Подобные факты, невозможные, разумеется, без роста образования отдельных женщин, по всей видимости, указывают и на особенности установки ученых. Акценту на августейших особах соответствовал образ Прекрасной Дамы как существа разумного, целомудренного, благородного; монахини Пор-Рояля, будучи «невестами Христа», попадали в ту же ячейку. Оттого любые «материалистические» подозрения здесь представляются нерелевантными, духовный интерес был взаимным.

 

Пора подвести итог. В основании наук Нового времени различимы ментальные начала, заметно отличные от таковых как Средневековья, так и Античности. Привходящей структурной бинаризации и эротизации соответствует возрождение крайне архаических религиозных комплексов – матриархальных, подобных тем, которые описывает в ряде работ, скажем, Р.Грейвс. В послесловии к его «Мифам Древней Греции» А.А.Тахо-Годи соглашается с тем, что вместе с установлением патриархальной общины «собственно миф» завершается. В таком случае что происходит при разложении патриархальных порядков? Подобной «мифологизации» нимало не противоречит беспрецедентная рациональность Нового времени, ведь функции правого и левого полушарий мозга должны быть уравновешены. Феминизированный миф «праисторичен»? Но динамизм современной эпохи как раз и должен опираться на «вневременность».

 

СНОСКИ

 

1. Напр., Ан и Ки шумеров, Уран и Гея греков. В Древнем Египте (гелиопольский вариант мифа о происхождении) наоборот: Земля представлена мужским божеством (Геб), Небо – женским (Нут), но не эта линия возобладала в европейской культуре.
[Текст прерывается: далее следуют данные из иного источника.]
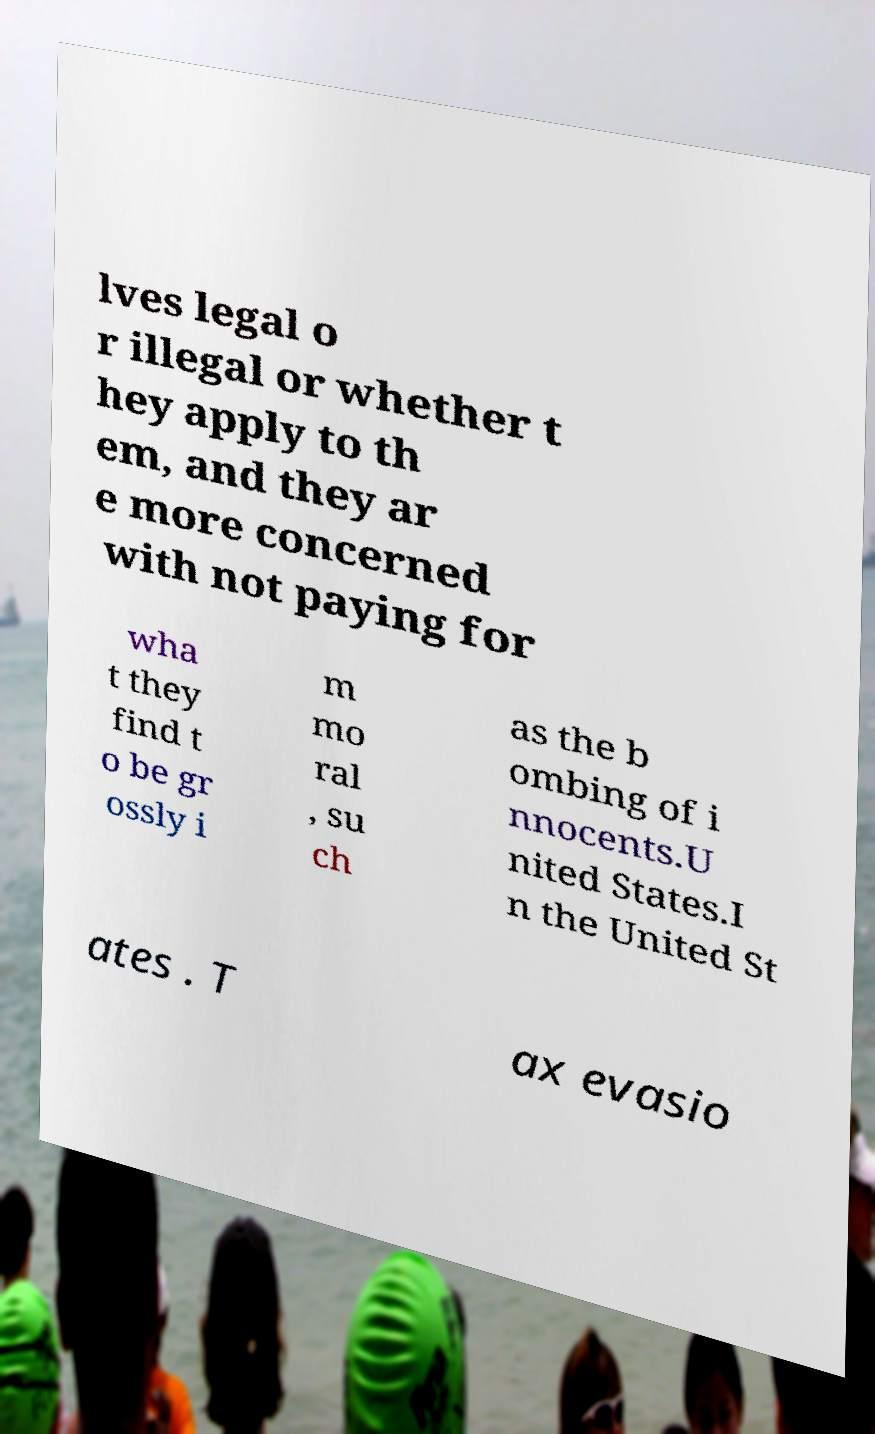There's text embedded in this image that I need extracted. Can you transcribe it verbatim? lves legal o r illegal or whether t hey apply to th em, and they ar e more concerned with not paying for wha t they find t o be gr ossly i m mo ral , su ch as the b ombing of i nnocents.U nited States.I n the United St ates . T ax evasio 
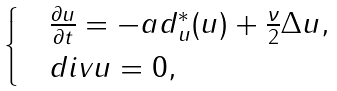Convert formula to latex. <formula><loc_0><loc_0><loc_500><loc_500>\begin{cases} & \frac { \partial u } { \partial t } = - a d ^ { * } _ { u } ( u ) + \frac { \nu } { 2 } \Delta u , \\ & d i v u = 0 , \end{cases}</formula> 
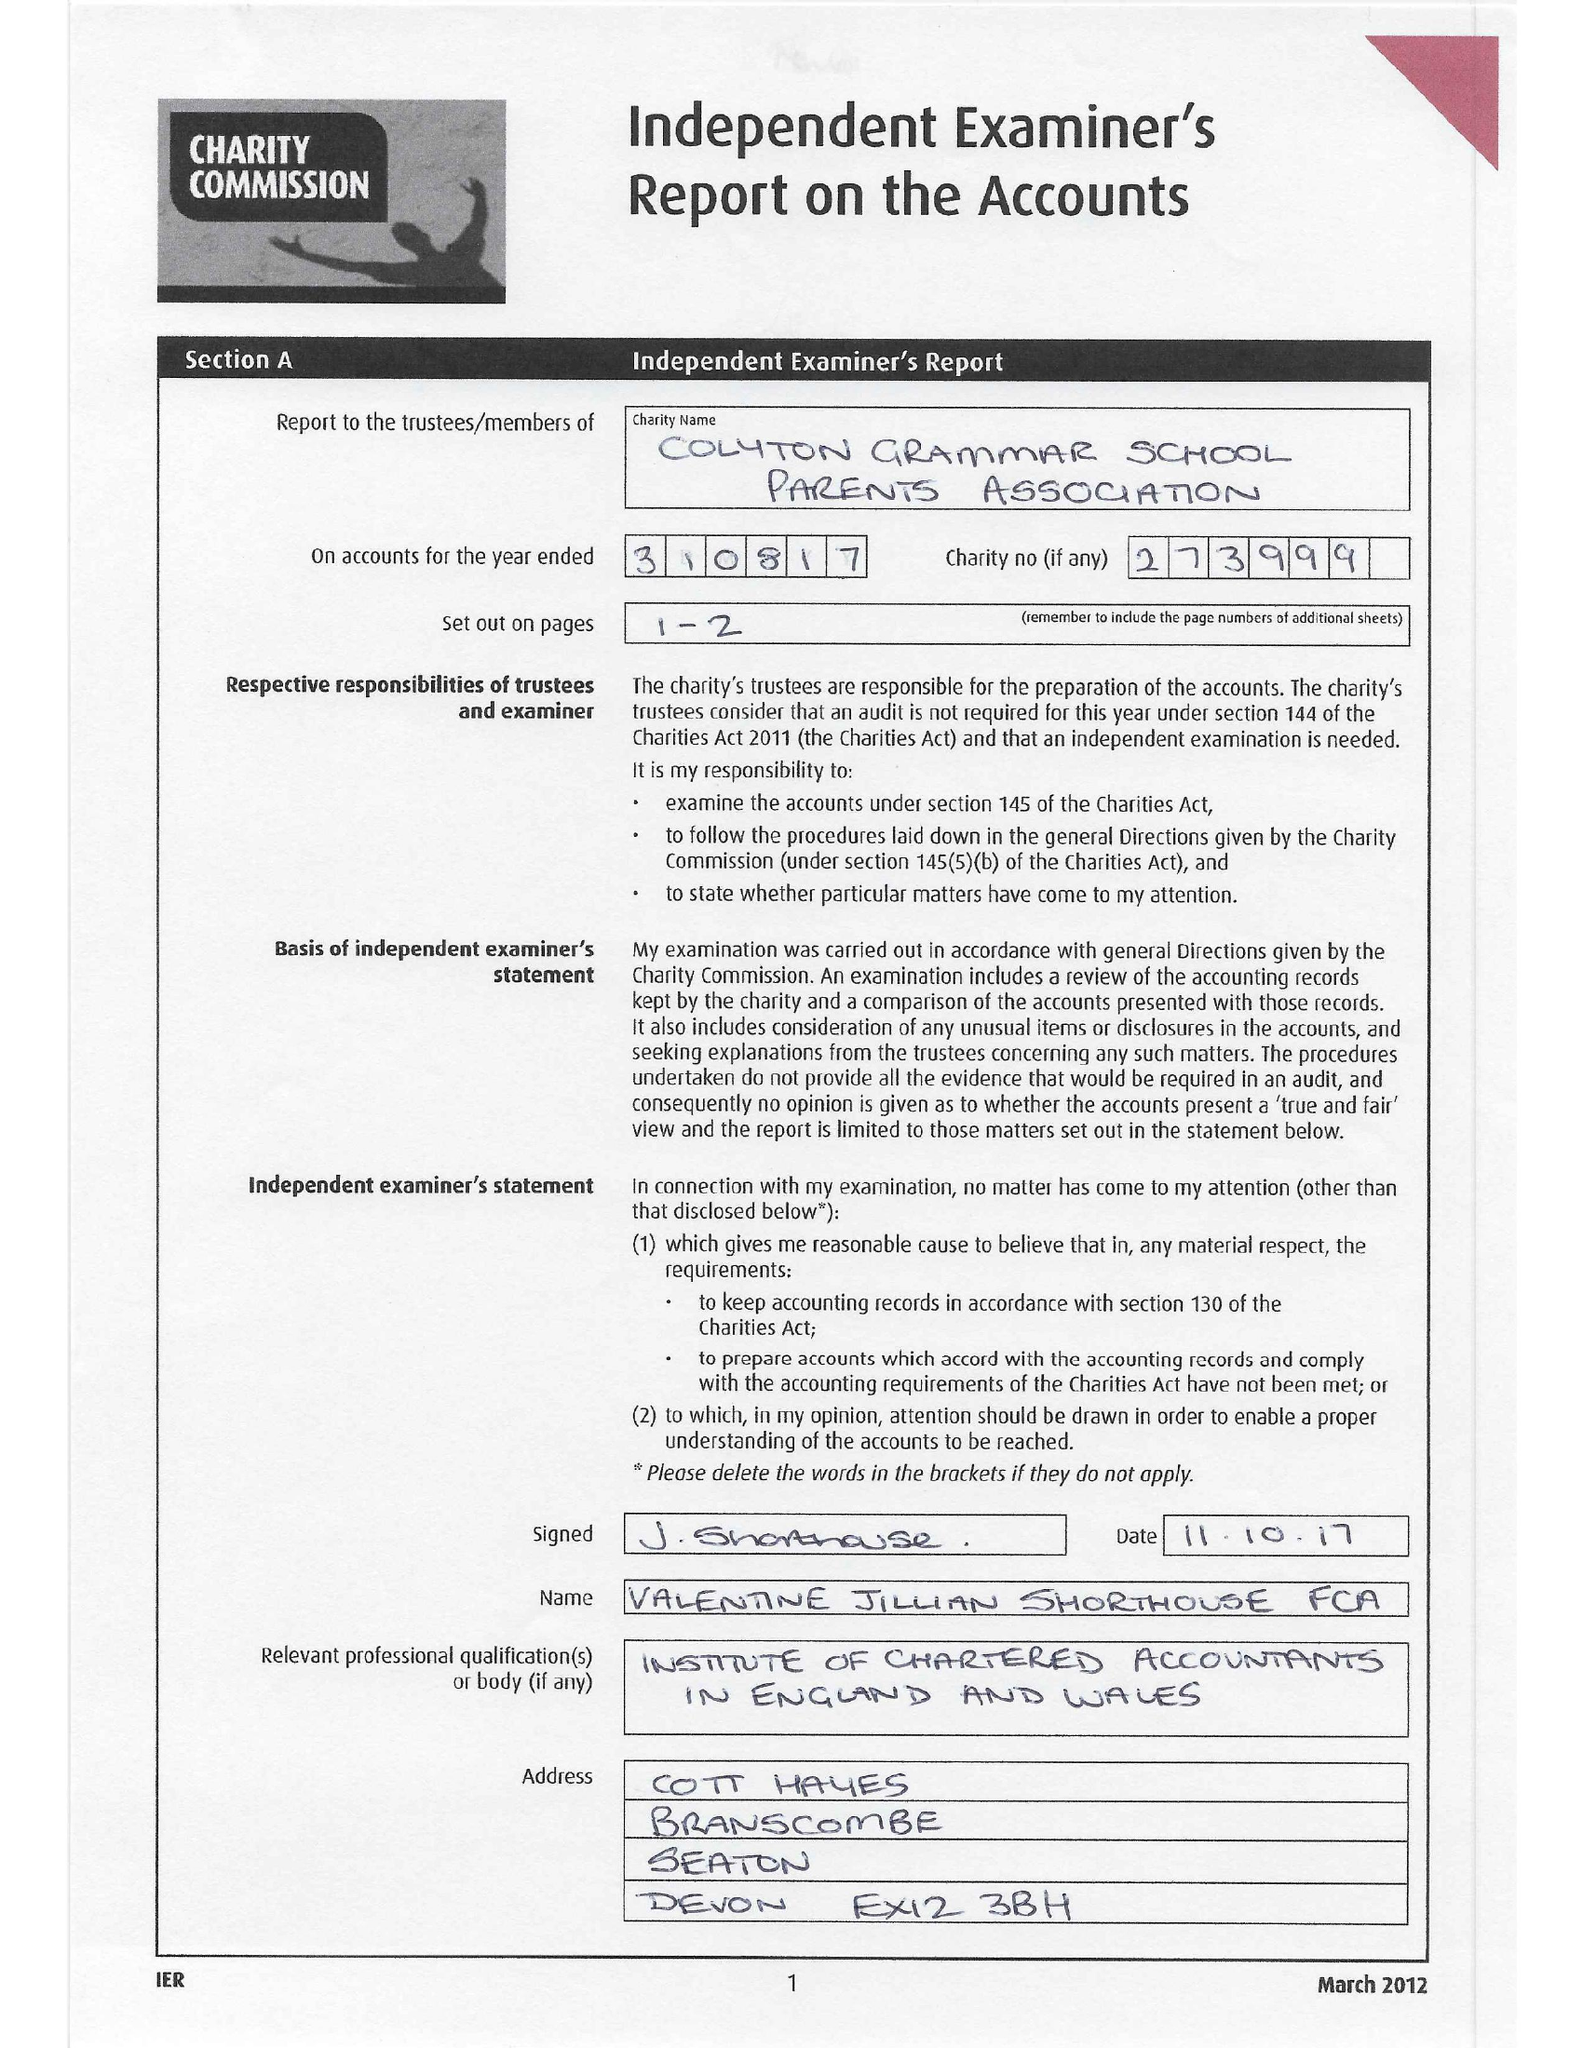What is the value for the address__post_town?
Answer the question using a single word or phrase. COLYTON

2. Китайская мысль придерживалась сходного соотнесения, и его истоки, по всей видимости, теряются в глубинах магического уподобления. Если четные числа делятся надвое, то нечто аналогичное происходит при родах: взамен одного человека оказывается два (сравнительно редкое же рождение близнецов, как напоминает в «Чете и нечете» Вяч.Вс.Иванов, воспринималось как явная аномалия, вмешательство потусторонних сил), деторождение – функция женщин. Ср. у Филолая: «Нечетные числа посвящены мужским богам вследствие неделимости, обращенности к себе и пребывания … Четные, в свою очередь, посвящены женским богам вследствие делимости и прогресса…» (58 В 21d).

3. В возрождение эротико-математического ментального комплекса в его оппозиции логицизму внесло вклад и критическое отношение к схоластике, в то время главным образом томистской, аристотелизированной, за счет обращения к платонической альтернативе – как через посредство все еще имевшего сторонников августинианства, так и в прямом обращении к ней в трудах ряда мыслителей Ренессанса и начала Нового времени.

4. Сравнивая арифметику, алгебру, логику, с одной стороны, с геометрией, с другой, Ю.И.Манин отмечает преимущественную аналитичность, отвлеченность, структурную линеарность первых и синтетичность, чувственную конкретность второй (вкупе с задействованностью в ней воображения), в связи с чем напоминает об оппозиции функций, соответственно, левого и правого полушарий мозга, отмечая при этом и взаимопроникновение этих функций (Manin Yu.I. Mathematical Knowledge: Internal, Social, and Cultural Aspects// Mathematics and Culture, ed. by C.Bartocci and P.Odifreddi. Vol.2 – в печ.).